◆ **Input for this task**:
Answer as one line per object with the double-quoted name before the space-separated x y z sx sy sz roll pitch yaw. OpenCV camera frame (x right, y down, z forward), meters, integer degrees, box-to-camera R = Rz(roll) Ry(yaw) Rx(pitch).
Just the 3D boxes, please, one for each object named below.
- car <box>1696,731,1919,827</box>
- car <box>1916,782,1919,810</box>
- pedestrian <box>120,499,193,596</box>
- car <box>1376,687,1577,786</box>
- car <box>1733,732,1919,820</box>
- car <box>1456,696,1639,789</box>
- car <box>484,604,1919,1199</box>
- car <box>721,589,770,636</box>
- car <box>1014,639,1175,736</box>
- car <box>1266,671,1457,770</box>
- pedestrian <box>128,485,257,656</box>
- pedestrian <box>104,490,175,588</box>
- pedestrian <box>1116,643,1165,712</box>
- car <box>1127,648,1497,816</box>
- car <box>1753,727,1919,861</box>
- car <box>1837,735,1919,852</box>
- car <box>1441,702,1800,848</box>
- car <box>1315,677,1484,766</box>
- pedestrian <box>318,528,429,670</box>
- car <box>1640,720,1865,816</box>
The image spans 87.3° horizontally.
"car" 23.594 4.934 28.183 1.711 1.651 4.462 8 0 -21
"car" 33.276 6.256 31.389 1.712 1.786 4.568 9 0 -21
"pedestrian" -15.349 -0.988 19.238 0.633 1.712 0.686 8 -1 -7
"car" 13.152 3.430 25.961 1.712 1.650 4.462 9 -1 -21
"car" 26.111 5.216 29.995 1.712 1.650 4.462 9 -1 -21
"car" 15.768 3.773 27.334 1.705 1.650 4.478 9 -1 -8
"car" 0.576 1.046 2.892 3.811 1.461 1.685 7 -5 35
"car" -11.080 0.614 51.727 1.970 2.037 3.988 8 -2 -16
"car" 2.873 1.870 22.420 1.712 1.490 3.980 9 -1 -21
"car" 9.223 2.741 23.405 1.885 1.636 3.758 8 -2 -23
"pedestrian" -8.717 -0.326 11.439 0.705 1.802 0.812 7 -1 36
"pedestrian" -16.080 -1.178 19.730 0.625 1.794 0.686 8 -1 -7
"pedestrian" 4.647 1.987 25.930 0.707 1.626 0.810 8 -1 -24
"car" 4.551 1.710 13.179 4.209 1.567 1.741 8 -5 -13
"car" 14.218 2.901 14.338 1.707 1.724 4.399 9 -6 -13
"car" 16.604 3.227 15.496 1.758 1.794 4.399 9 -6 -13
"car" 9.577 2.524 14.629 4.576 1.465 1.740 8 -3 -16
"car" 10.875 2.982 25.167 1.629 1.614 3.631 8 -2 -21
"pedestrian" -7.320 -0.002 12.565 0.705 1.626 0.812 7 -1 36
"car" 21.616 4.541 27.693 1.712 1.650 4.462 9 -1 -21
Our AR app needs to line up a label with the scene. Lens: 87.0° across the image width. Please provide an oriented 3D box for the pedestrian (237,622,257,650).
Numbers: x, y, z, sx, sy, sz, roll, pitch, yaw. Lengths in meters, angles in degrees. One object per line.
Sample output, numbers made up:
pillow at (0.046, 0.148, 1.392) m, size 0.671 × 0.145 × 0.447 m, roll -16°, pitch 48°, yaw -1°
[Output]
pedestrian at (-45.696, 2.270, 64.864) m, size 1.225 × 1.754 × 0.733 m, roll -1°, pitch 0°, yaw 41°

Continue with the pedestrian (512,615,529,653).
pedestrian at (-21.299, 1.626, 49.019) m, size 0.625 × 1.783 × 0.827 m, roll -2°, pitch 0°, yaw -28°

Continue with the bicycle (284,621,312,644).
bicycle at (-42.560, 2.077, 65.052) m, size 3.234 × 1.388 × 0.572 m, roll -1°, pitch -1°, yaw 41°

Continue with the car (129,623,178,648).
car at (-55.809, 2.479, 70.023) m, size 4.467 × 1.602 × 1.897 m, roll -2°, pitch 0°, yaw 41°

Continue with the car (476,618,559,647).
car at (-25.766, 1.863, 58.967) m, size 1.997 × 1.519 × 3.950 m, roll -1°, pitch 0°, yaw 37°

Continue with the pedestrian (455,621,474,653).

◆ **Task**:
Transcribe verbatim. Cover the lines from the first line of the entries above to the line containing "- car <box>1640,720,1865,816</box>", inclusive.

◆ **Worked solution**:
Answer as one line per object with the double-quoted name before the space-separated x y z sx sy sz roll pitch yaw. OpenCV camera frame (x right, y down, z forward), meters, integer degrees, box-to-camera R = Rz(roll) Ry(yaw) Rx(pitch).
Just the 3D boxes, please, one for each object named below.
- car <box>1696,731,1919,827</box>
- car <box>1916,782,1919,810</box>
- pedestrian <box>120,499,193,596</box>
- car <box>1376,687,1577,786</box>
- car <box>1733,732,1919,820</box>
- car <box>1456,696,1639,789</box>
- car <box>484,604,1919,1199</box>
- car <box>721,589,770,636</box>
- car <box>1014,639,1175,736</box>
- car <box>1266,671,1457,770</box>
- pedestrian <box>128,485,257,656</box>
- pedestrian <box>104,490,175,588</box>
- pedestrian <box>1116,643,1165,712</box>
- car <box>1127,648,1497,816</box>
- car <box>1753,727,1919,861</box>
- car <box>1837,735,1919,852</box>
- car <box>1441,702,1800,848</box>
- car <box>1315,677,1484,766</box>
- pedestrian <box>318,528,429,670</box>
- car <box>1640,720,1865,816</box>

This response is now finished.